2022 UPDATE AND SECOND HALF DEVELOPMENT PROGRAM
Our first half 2022 program was completed ahead of schedule with increased activity across our entire portfolio, resulting in significant production growth. In addition to completing the planned drilling in our Willesden Green, Pembina, and Peace River areas, we added eight wells (8.0 net) to our first half development program in our Viking area and accelerated the drilling of two wells (2.0 net) in Peace River from our second half 2022 program.
We plan to drill an additional 38 wells (35.5 net) over the second half of 2022 in our Willesden Green, Pembina, and Peace River assets, utilizing three rigs in the third quarter and expanding to four rigs in late 2022. Combined with the wells from our first half 2022 program, a total of 68 wells (65.0 net) will be rig-released in 2022, of which 55 wells (52.5 net) are expected to be on production by the end of 2022.
The Company has rig-released four Bluesky wells (4.0 net) from the first half 2022 program to date. The first two came on production in mid-April and have produced an average of 327 boe/d per well initial production (“IP“) 30-day rates (99 percent oil). The remaining wells are in the process of being brought on production. From the 2021 program, IP 90-day rates from the first four Bluesky wells (4.0 net) averaged 447 boe/d per well (99 percent heavy oil).
Obsidian Energy plans to drill an additional 14 wells (13.5 net) in Peace River over the second half of the year. Twelve wells (12.0 net) will target the established Bluesky reservoir, following up on the solid results over the past eight months. The remaining two wells (1.5 net) in our second half development program will target the Clearwater play to further delineate our land base. Clearwater development will be a key focus for our 2023 plans as we continue to appraise our 487 prospective land sections, including further exploration and development drilling to increase our future inventory of locations.

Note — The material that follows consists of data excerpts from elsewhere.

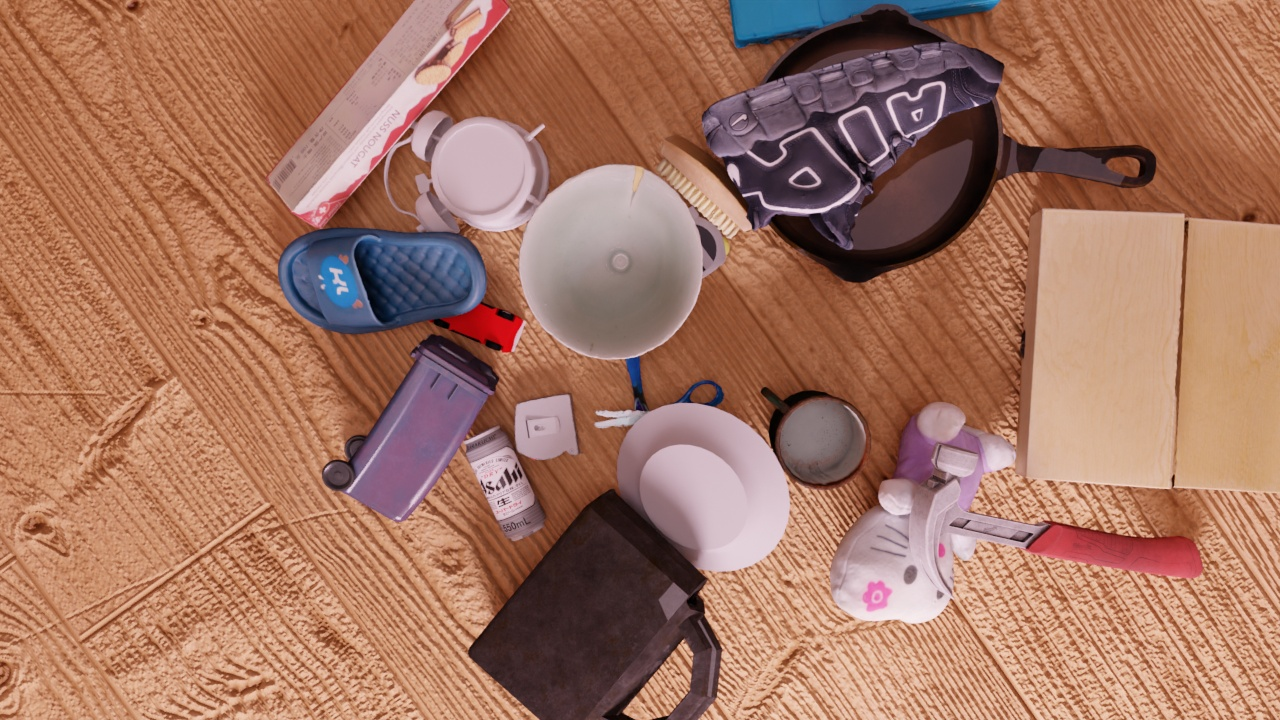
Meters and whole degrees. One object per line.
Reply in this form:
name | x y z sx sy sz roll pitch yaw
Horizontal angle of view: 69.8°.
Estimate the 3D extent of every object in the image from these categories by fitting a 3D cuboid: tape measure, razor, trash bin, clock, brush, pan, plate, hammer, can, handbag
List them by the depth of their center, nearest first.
hammer | 0.381 0.165 0.826 0.315 0.036 0.126 13 94 -19
pan | 0.273 -0.187 0.835 0.356 0.043 0.249 7 93 8
plate | 0.052 0.124 0.851 0.173 0.019 0.173 10 113 24
brush | 0.063 -0.162 0.860 0.117 0.049 0.039 45 116 -2
handbag | -0.016 0.260 0.860 0.199 0.102 0.197 41 95 16
trash bin | -0.212 0.058 0.862 0.092 0.093 0.161 33 96 -9
clock | -0.162 -0.175 0.865 0.159 0.061 0.120 -2 95 7
tape measure | 0.047 -0.109 0.879 0.064 0.016 0.065 -37 91 4
can | -0.131 0.118 0.886 0.044 0.044 0.106 -25 92 3
razor | -0.005 0.005 0.887 0.044 0.018 0.141 -10 93 2
tape measure | -0.091 0.066 0.893 0.062 0.020 0.060 -8 93 3

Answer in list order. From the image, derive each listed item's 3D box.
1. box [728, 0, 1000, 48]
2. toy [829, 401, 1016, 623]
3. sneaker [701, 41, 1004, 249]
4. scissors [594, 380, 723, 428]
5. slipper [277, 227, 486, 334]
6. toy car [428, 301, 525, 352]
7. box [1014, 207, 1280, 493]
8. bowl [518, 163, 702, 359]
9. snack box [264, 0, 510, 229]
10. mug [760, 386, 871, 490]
box | 0.198 -0.384 0.830 0.243 0.075 0.167 -8 123 3
toy | 0.251 0.144 0.845 0.137 0.085 0.209 28 87 -33
sneaker | 0.188 -0.174 0.782 0.253 0.097 0.151 -11 96 10
scissors | 0.017 0.049 0.882 0.134 0.016 0.073 3 96 -8
slipper | -0.246 -0.072 0.858 0.214 0.059 0.104 0 109 16
toy car | -0.159 -0.040 0.887 0.089 0.025 0.038 23 96 3
box | 0.480 -0.008 0.844 0.257 0.076 0.247 3 90 -4
bowl | -0.021 -0.090 0.855 0.174 0.067 0.174 1 96 11
snack box | -0.235 -0.247 0.852 0.273 0.044 0.076 -49 55 3
mug | 0.153 0.062 0.852 0.111 0.081 0.085 42 94 -1
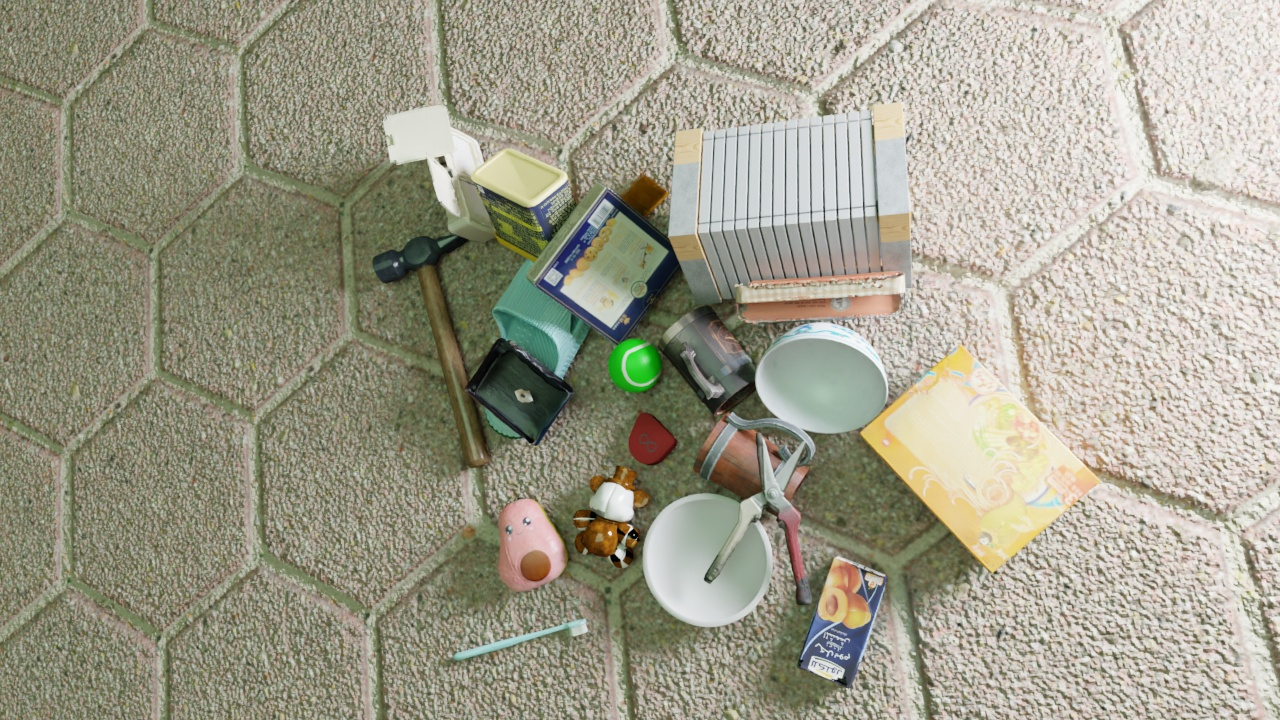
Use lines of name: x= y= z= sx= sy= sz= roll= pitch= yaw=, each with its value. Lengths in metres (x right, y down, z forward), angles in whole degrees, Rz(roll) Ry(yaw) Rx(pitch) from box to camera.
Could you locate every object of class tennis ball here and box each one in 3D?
tennis ball: x=-0.007 y=0.006 z=1.112 sx=0.065 sy=0.065 sz=0.065 roll=-3 pitch=81 yaw=16

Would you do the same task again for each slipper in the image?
slipper: x=-0.129 y=-0.034 z=1.156 sx=0.116 sy=0.069 sz=0.276 roll=21 pitch=88 yaw=15

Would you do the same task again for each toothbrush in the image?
toothbrush: x=-0.149 y=0.346 z=1.128 sx=0.181 sy=0.016 sz=0.016 roll=-17 pitch=86 yaw=13

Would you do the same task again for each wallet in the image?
wallet: x=-0.148 y=0.038 z=1.124 sx=0.115 sy=0.026 sz=0.089 roll=39 pitch=107 yaw=8

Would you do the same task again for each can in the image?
can: x=-0.135 y=-0.189 z=1.134 sx=0.075 sy=0.104 sz=0.135 roll=-43 pitch=50 yaw=-20

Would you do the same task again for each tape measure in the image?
tape measure: x=0.010 y=0.098 z=1.118 sx=0.051 sy=0.019 sz=0.059 roll=-47 pitch=65 yaw=7

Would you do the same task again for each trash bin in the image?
trash bin: x=0.172 y=-0.169 z=1.026 sx=0.247 sy=0.142 sz=0.142 roll=-3 pitch=62 yaw=16

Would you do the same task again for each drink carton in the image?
drink carton: x=0.223 y=0.288 z=1.013 sx=0.064 sy=0.040 sz=0.130 roll=18 pitch=87 yaw=19

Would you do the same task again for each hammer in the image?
hammer: x=-0.252 y=-0.014 z=1.206 sx=0.129 sy=0.040 sz=0.321 roll=-20 pitch=77 yaw=9

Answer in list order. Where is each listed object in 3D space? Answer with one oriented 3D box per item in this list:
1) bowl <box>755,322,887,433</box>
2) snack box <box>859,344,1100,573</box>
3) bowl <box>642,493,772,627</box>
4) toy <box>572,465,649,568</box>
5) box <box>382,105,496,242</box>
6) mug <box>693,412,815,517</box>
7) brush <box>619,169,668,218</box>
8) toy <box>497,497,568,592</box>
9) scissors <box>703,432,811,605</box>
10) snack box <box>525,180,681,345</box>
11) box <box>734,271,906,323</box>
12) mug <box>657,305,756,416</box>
bowl: x=0.207 y=0.006 z=1.033 sx=0.144 sy=0.144 sz=0.074 roll=5 pitch=43 yaw=17
snack box: x=0.356 y=0.103 z=0.981 sx=0.145 sy=0.080 sz=0.195 roll=-43 pitch=73 yaw=6
bowl: x=0.080 y=0.229 z=1.063 sx=0.150 sy=0.043 sz=0.149 roll=-2 pitch=82 yaw=14
toy: x=-0.034 y=0.184 z=1.098 sx=0.087 sy=0.067 sz=0.112 roll=17 pitch=77 yaw=18
box: x=-0.230 y=-0.235 z=1.152 sx=0.080 sy=0.180 sz=0.143 roll=-20 pitch=83 yaw=19
mug: x=0.133 y=0.108 z=1.038 sx=0.111 sy=0.081 sz=0.118 roll=32 pitch=127 yaw=15
brush: x=-0.022 y=-0.182 z=1.158 sx=0.048 sy=0.017 sz=0.126 roll=41 pitch=82 yaw=18
toy: x=-0.139 y=0.224 z=1.125 sx=0.090 sy=0.051 sz=0.110 roll=-25 pitch=74 yaw=10
scissors: x=0.135 y=0.185 z=1.006 sx=0.180 sy=0.015 sz=0.198 roll=-30 pitch=89 yaw=18
snack box: x=-0.039 y=-0.114 z=1.105 sx=0.144 sy=0.145 sz=0.042 roll=-52 pitch=31 yaw=3
box: x=0.196 y=-0.068 z=1.007 sx=0.187 sy=0.056 sz=0.067 roll=-3 pitch=119 yaw=14
mug: x=0.075 y=0.002 z=1.064 sx=0.080 sy=0.115 sz=0.107 roll=-44 pitch=73 yaw=23
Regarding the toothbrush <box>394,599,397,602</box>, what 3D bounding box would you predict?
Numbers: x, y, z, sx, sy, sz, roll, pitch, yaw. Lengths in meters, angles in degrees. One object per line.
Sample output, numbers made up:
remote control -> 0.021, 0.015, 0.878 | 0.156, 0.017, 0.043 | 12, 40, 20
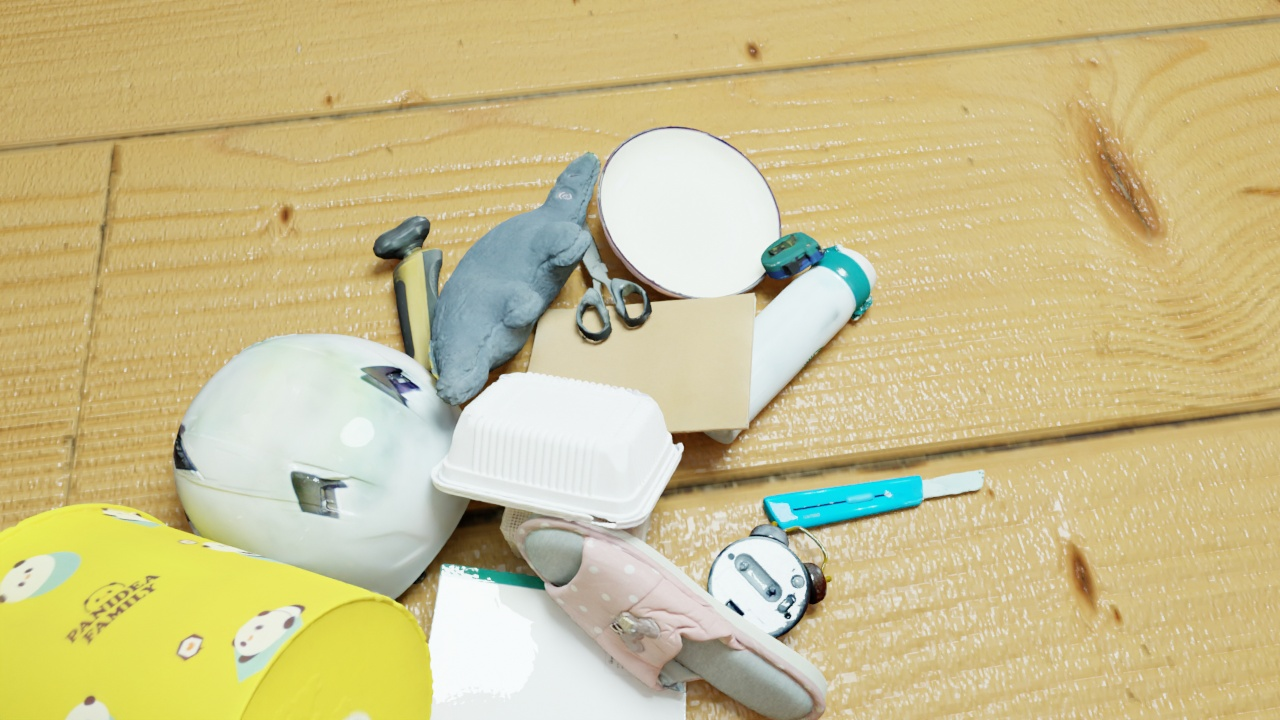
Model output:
toothbrush -> -0.188, 0.275, 0.734 | 0.015, 0.018, 0.181 | -15, 63, -5

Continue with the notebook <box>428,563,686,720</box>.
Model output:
notebook -> -0.063, 0.244, 0.713 | 0.209, 0.012, 0.150 | 12, 57, -14

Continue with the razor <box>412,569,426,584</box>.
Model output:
razor -> -0.252, 0.191, 0.772 | 0.142, 0.022, 0.042 | -9, 65, -5

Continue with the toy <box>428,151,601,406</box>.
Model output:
toy -> -0.121, -0.070, 0.843 | 0.091, 0.138, 0.355 | 41, 45, -18

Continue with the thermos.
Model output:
thermos -> 0.135, -0.019, 0.856 | 0.073, 0.073, 0.223 | 41, 69, 18

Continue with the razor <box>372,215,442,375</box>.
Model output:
razor -> -0.219, -0.059, 0.883 | 0.067, 0.062, 0.167 | 3, 64, -35

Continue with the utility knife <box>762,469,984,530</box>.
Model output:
utility knife -> 0.210, 0.120, 0.812 | 0.202, 0.018, 0.034 | -9, 63, -6

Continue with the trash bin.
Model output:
trash bin -> -0.292, 0.222, 0.598 | 0.256, 0.230, 0.229 | 3, 61, 25

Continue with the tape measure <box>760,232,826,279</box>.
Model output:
tape measure -> 0.142, -0.102, 0.874 | 0.054, 0.025, 0.058 | -32, 25, 0

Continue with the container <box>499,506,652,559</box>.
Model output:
container -> -0.051, 0.128, 0.768 | 0.111, 0.090, 0.090 | 9, 63, 7

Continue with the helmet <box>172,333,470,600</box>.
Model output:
helmet -> -0.268, 0.068, 0.751 | 0.259, 0.146, 0.228 | 21, 58, 11

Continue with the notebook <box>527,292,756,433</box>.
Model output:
notebook -> -0.005, 0.005, 0.824 | 0.212, 0.012, 0.149 | -4, 51, 16

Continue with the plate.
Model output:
plate -> 0.045, -0.140, 0.911 | 0.192, 0.039, 0.192 | 7, 68, -17

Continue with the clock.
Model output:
clock -> 0.104, 0.184, 0.758 | 0.121, 0.055, 0.082 | -38, 69, -19

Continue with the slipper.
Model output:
slipper -> 0.019, 0.206, 0.695 | 0.274, 0.114, 0.054 | 34, 47, -5

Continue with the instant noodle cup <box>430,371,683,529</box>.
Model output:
instant noodle cup -> -0.062, 0.060, 0.714 | 0.173, 0.060, 0.137 | 8, 24, 16

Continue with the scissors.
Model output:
scissors -> -0.034, -0.089, 0.894 | 0.143, 0.014, 0.172 | 6, 53, 23

All ten wells (10.0 net) from our first half development program are rig-released and completed. Seven wells (7.0 net) are currently on production. The average per well IP 30-day rates were:
Faraway 8-3 Pad (3 wells): 190 boe/d (90 percent oi)
Crimson 8-19 Pad (2 Wells): 275 boe/d (76 percent oil)
Faraway 9-17 Pad (1 well): 267 boe/d (87 percent oil)
Faraway 14-17 (1 well): 237 boe/d (92 percent oil)
For the remainder of 2022, we plan to drill ten wells (10.0 net) targeting the Cardium formation and one gas-weighted Mannville well (0.5 net).
All five wells (4.5 net) from the first half program are on production. In addition to the first two wells averaging IP 30-day rates of 281 boe/d (82 percent oil), the remaining three averaged IP 30-day rates of 238 boe/d (84 percent oil). In our second half 2022 development program we plan to drill 13 Pembina wells (11.5 net), predominantly targeting the Cardium formation.
The first well in our eight-well (8.0 net) Viking program was spudded in mid-May, representing our return to development in the asset. Overall, the eight wells are expected to add approximately 1,000 boe/d on an IP-30 basis (67 percent light oil) with capital expenditures of approximately $12.5 million. Most of the drilling will be completed by the end of June with production expected early in the third quarter. Looking forward, we have ample capacity for further Viking development with our strong inventory of locations and 100 percent ownership of oil and gas infrastructure in the region.